More than a Hijabi: Muslim Women Writing for the World
The panel was anchored by Kinna Likimani. The Sudanese writer, Leila Aboulela stated that this was her first time in Kaduna as it reminded her of her native country Sudan. This was because of the similarity in lifestyle and mode of worship; the people entering the mosque with their kettles, the call of the muezzin at prayer time and the dress sense of the Hausa women. She came to writing because she was an insatiable reader and found solace in books and the possibilities they manifest. She migrated to Scotland to be with her husband and two kids after Sudan fell on hard times. She had a short stint in the teaching profession but abandoned it because it was unfulfilling and the children were rude and naughty. Though she went back to pursue a doctorate degree in statistics, she started writing to explore her immigrant status and the women issues around her. More importantly, she wrote to create an image of Sudan to the world.
Zaynab Alkali expressed her excitement at meeting the daughter of her friend. She recalled their encounter with Ama Ata Aidoo in Dallas, United States on the occasion of her 70th birthday. She came to writing because she was a bad speaker, and wanted her writing to empower women across spheres. Of prominence in her evolvement as a Writer was the role that Professor Steward Brown played. He established a journal in Bayero University Kano called Kaakaki. He was the first to receive her manuscript of thirty pages, and read it on the BBC while on vacation in England.
Since then writing has become for her a form of therapy. It captured her psychological development as an individual. She recalled the case of a cousin who was married off as a child and later suffered from vesico vaginal fistula and the trauma and pain she endured. She said this made her“…imagination to go wild and she educated her”. This influenced the portrayal of a character in her novels. She decried the lack of psychologists to tackle and manage mental health issues and problems.
For Leila, her displacement from Sudan to the west afflicted her in the form of nostalgia or longing for home. She was often faced with the problem of inner conflict in reconciling her dual identities. For example, when she was in Sudan, she saw herself as a feminist fighting for the economic empowerment of women. In the west, she found their brand of feminism extreme. She was not contesting for equality with a man, but believed in the equality of human beings.
Zaynab Alkali buttressed the point that her characters were mostly secular in nature because she grew up in a family that had three Christians and three Muslims who lived in peace with one another. She gave the example of her father who was a Muslim but who was hospitalised in a Christian hospital and later converted to Christianity, Alkali stressed that the girl child must strive to acquire both western and Islamic education and how to combine the best of both worlds.

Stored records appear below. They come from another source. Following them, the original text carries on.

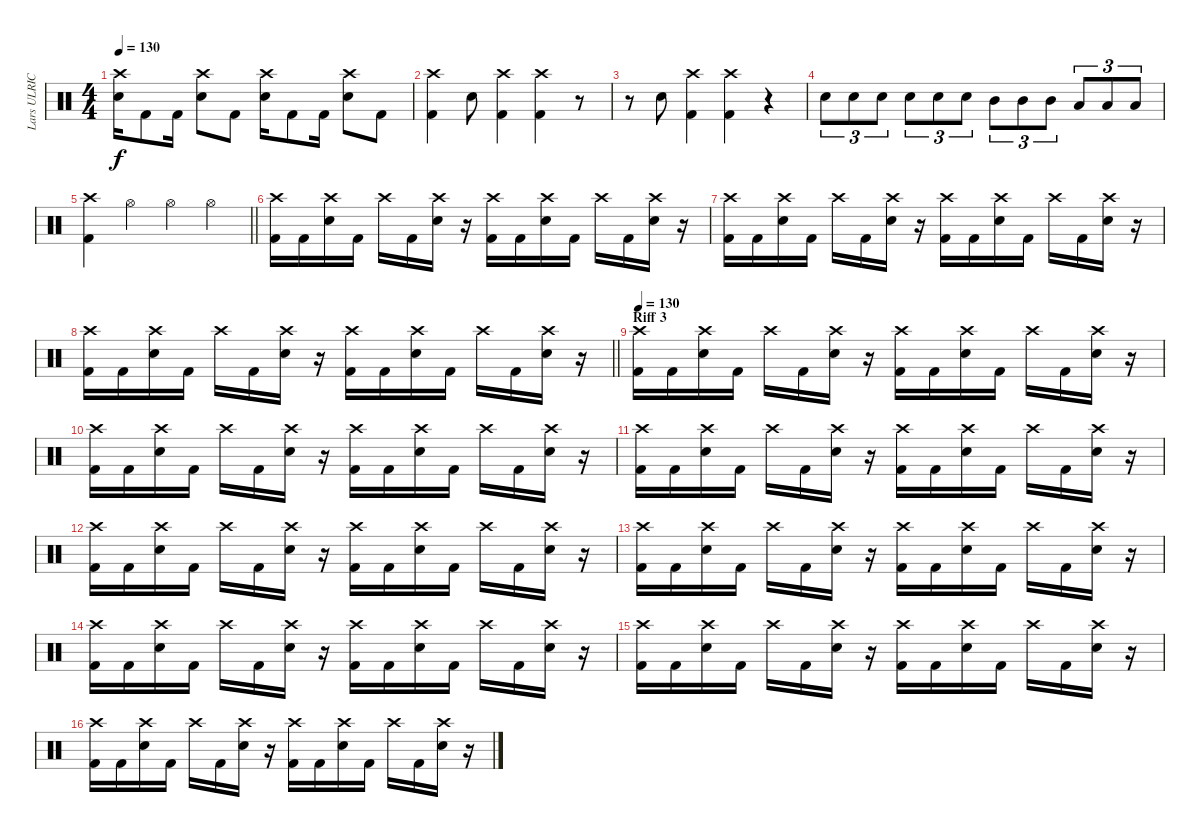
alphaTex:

\track ("Lars ULRICH" "Lars ULRIC") {instrument percussion}
\staff {score}
\articulation defaults
\ts (4 4)
\tempo 130
\clef neutral
\ks c
("Crash high (hit)" "Snare (hit) 2").16{dy f} "Kick (hit) 2".8 "Kick (hit) 2".16 ("Crash high (hit)" "Snare (hit) 2").8 "Kick (hit) 2".8 ("Crash high (hit)" "Snare (hit) 2").16 "Kick (hit) 2".8 "Kick (hit) 2".16 ("Crash high (hit)" "Snare (hit) 2").8 "Kick (hit) 2".8 |
("Crash high (hit)" "Kick (hit) 2").4 "Snare (hit) 2".8 ("Crash high (hit)" "Kick (hit) 2").4 ("Crash high (hit)" "Kick (hit) 2").4 r.8 |
r.8 "Snare (hit) 2".8 ("Crash high (hit)" "Kick (hit) 2").4 ("Crash high (hit)" "Kick (hit) 2").4 r.4 |
"Snare (hit) 2".8{tu (3 2)} "Snare (hit) 2".8{tu (3 2)} "Snare (hit) 2".8{tu (3 2)} "Snare (hit) 2".8{tu (3 2)} "Snare (hit) 2".8{tu (3 2)} "Snare (hit) 2".8{tu (3 2)} "Mid Tom (hit)".8{tu (3 2)} "Mid Tom (hit)".8{tu (3 2)} "Mid Tom (hit)".8{tu (3 2)} "Low Tom (hit)".8{tu (3 2)} "Low Tom (hit)".8{tu (3 2)} "Low Tom (hit)".8{tu (3 2)} |
\barLineRight lightlight
("Crash high (hit)" "Kick (hit) 2").4 "Hi-Hat (open)".4 "Hi-Hat (open)".4 "Hi-Hat (open)".4 |
("Crash high (hit)" "Kick (hit) 2").16 "Kick (hit) 2".16 ("Crash high (hit)" "Snare (hit) 2").16 "Kick (hit) 2".16 "Crash high (hit)".16 "Kick (hit) 2".16 ("Crash high (hit)" "Snare (hit) 2").16 r.16 ("Crash high (hit)" "Kick (hit) 2").16 "Kick (hit) 2".16 ("Crash high (hit)" "Snare (hit) 2").16 "Kick (hit) 2".16 "Crash high (hit)".16 "Kick (hit) 2".16 ("Crash high (hit)" "Snare (hit) 2").16 r.16 |
("Crash high (hit)" "Kick (hit) 2").16 "Kick (hit) 2".16 ("Crash high (hit)" "Snare (hit) 2").16 "Kick (hit) 2".16 "Crash high (hit)".16 "Kick (hit) 2".16 ("Crash high (hit)" "Snare (hit) 2").16 r.16 ("Crash high (hit)" "Kick (hit) 2").16 "Kick (hit) 2".16 ("Crash high (hit)" "Snare (hit) 2").16 "Kick (hit) 2".16 "Crash high (hit)".16 "Kick (hit) 2".16 ("Crash high (hit)" "Snare (hit) 2").16 r.16 |
\barLineRight lightlight
("Crash high (hit)" "Kick (hit) 2").16 "Kick (hit) 2".16 ("Crash high (hit)" "Snare (hit) 2").16 "Kick (hit) 2".16 "Crash high (hit)".16 "Kick (hit) 2".16 ("Crash high (hit)" "Snare (hit) 2").16 r.16 ("Crash high (hit)" "Kick (hit) 2").16 "Kick (hit) 2".16 ("Crash high (hit)" "Snare (hit) 2").16 "Kick (hit) 2".16 "Crash high (hit)".16 "Kick (hit) 2".16 ("Crash high (hit)" "Snare (hit) 2").16 r.16 |
\section ("" "Riff 3")
\tempo 130
("Crash high (hit)" "Kick (hit) 2").16 "Kick (hit) 2".16 ("Crash high (hit)" "Snare (hit) 2").16 "Kick (hit) 2".16 "Crash high (hit)".16 "Kick (hit) 2".16 ("Crash high (hit)" "Snare (hit) 2").16 r.16 ("Crash high (hit)" "Kick (hit) 2").16 "Kick (hit) 2".16 ("Crash high (hit)" "Snare (hit) 2").16 "Kick (hit) 2".16 "Crash high (hit)".16 "Kick (hit) 2".16 ("Crash high (hit)" "Snare (hit) 2").16 r.16 |
("Crash high (hit)" "Kick (hit) 2").16 "Kick (hit) 2".16 ("Crash high (hit)" "Snare (hit) 2").16 "Kick (hit) 2".16 "Crash high (hit)".16 "Kick (hit) 2".16 ("Crash high (hit)" "Snare (hit) 2").16 r.16 ("Crash high (hit)" "Kick (hit) 2").16 "Kick (hit) 2".16 ("Crash high (hit)" "Snare (hit) 2").16 "Kick (hit) 2".16 "Crash high (hit)".16 "Kick (hit) 2".16 ("Crash high (hit)" "Snare (hit) 2").16 r.16 |
("Crash high (hit)" "Kick (hit) 2").16 "Kick (hit) 2".16 ("Crash high (hit)" "Snare (hit) 2").16 "Kick (hit) 2".16 "Crash high (hit)".16 "Kick (hit) 2".16 ("Crash high (hit)" "Snare (hit) 2").16 r.16 ("Crash high (hit)" "Kick (hit) 2").16 "Kick (hit) 2".16 ("Crash high (hit)" "Snare (hit) 2").16 "Kick (hit) 2".16 "Crash high (hit)".16 "Kick (hit) 2".16 ("Crash high (hit)" "Snare (hit) 2").16 r.16 |
("Crash high (hit)" "Kick (hit) 2").16 "Kick (hit) 2".16 ("Crash high (hit)" "Snare (hit) 2").16 "Kick (hit) 2".16 "Crash high (hit)".16 "Kick (hit) 2".16 ("Crash high (hit)" "Snare (hit) 2").16 r.16 ("Crash high (hit)" "Kick (hit) 2").16 "Kick (hit) 2".16 ("Crash high (hit)" "Snare (hit) 2").16 "Kick (hit) 2".16 "Crash high (hit)".16 "Kick (hit) 2".16 ("Crash high (hit)" "Snare (hit) 2").16 r.16 |
("Crash high (hit)" "Kick (hit) 2").16 "Kick (hit) 2".16 ("Crash high (hit)" "Snare (hit) 2").16 "Kick (hit) 2".16 "Crash high (hit)".16 "Kick (hit) 2".16 ("Crash high (hit)" "Snare (hit) 2").16 r.16 ("Crash high (hit)" "Kick (hit) 2").16 "Kick (hit) 2".16 ("Crash high (hit)" "Snare (hit) 2").16 "Kick (hit) 2".16 "Crash high (hit)".16 "Kick (hit) 2".16 ("Crash high (hit)" "Snare (hit) 2").16 r.16 |
("Crash high (hit)" "Kick (hit) 2").16 "Kick (hit) 2".16 ("Crash high (hit)" "Snare (hit) 2").16 "Kick (hit) 2".16 "Crash high (hit)".16 "Kick (hit) 2".16 ("Crash high (hit)" "Snare (hit) 2").16 r.16 ("Crash high (hit)" "Kick (hit) 2").16 "Kick (hit) 2".16 ("Crash high (hit)" "Snare (hit) 2").16 "Kick (hit) 2".16 "Crash high (hit)".16 "Kick (hit) 2".16 ("Crash high (hit)" "Snare (hit) 2").16 r.16 |
("Crash high (hit)" "Kick (hit) 2").16 "Kick (hit) 2".16 ("Crash high (hit)" "Snare (hit) 2").16 "Kick (hit) 2".16 "Crash high (hit)".16 "Kick (hit) 2".16 ("Crash high (hit)" "Snare (hit) 2").16 r.16 ("Crash high (hit)" "Kick (hit) 2").16 "Kick (hit) 2".16 ("Crash high (hit)" "Snare (hit) 2").16 "Kick (hit) 2".16 "Crash high (hit)".16 "Kick (hit) 2".16 ("Crash high (hit)" "Snare (hit) 2").16 r.16 |
("Crash high (hit)" "Kick (hit) 2").16 "Kick (hit) 2".16 ("Crash high (hit)" "Snare (hit) 2").16 "Kick (hit) 2".16 "Crash high (hit)".16 "Kick (hit) 2".16 ("Crash high (hit)" "Snare (hit) 2").16 r.16 ("Crash high (hit)" "Kick (hit) 2").16 "Kick (hit) 2".16 ("Crash high (hit)" "Snare (hit) 2").16 "Kick (hit) 2".16 "Crash high (hit)".16 "Kick (hit) 2".16 ("Crash high (hit)" "Snare (hit) 2").16 r.16

On the culture of women wearing Hijab, Alkali stressed that it was not just peculiar to Islam because nuns and even Victorian women wore it, or its equivalent as a sign of modesty, decency, respect and honour. In recent times, people feared the Hijab because women have abused it by hiding explosives. She recalled how she was embarrassed on two occasions on a reading tour of her books at the airport in Amsterdam, in 1994 and in Dallas, 2012. She said she felt she was harassed and gazed with suspicion and hostility because she wore a Hijab. She asserted that the Hijab in the modern context had become a form of distancing between you and the world. Aboulela offered that there should be a balance between spiritual and social life, and worship must be approached with humility. Though wearing the Hijab was not a big deal, it must not be approached with arrogance.
Kinna asked if they were feminist. Leila Aboulela said “in Sudan, I am feminist, in the west, feminism is alienating and extreme. I am not opposed to patriarchy but oppose to injustice.” Zaynab Alkali distanced herself from radical feminism, but aired her support for women economic empowerment. She gave an anecdote to illustrate the nexus between Men and women in society as the relationship between the brain and the heart.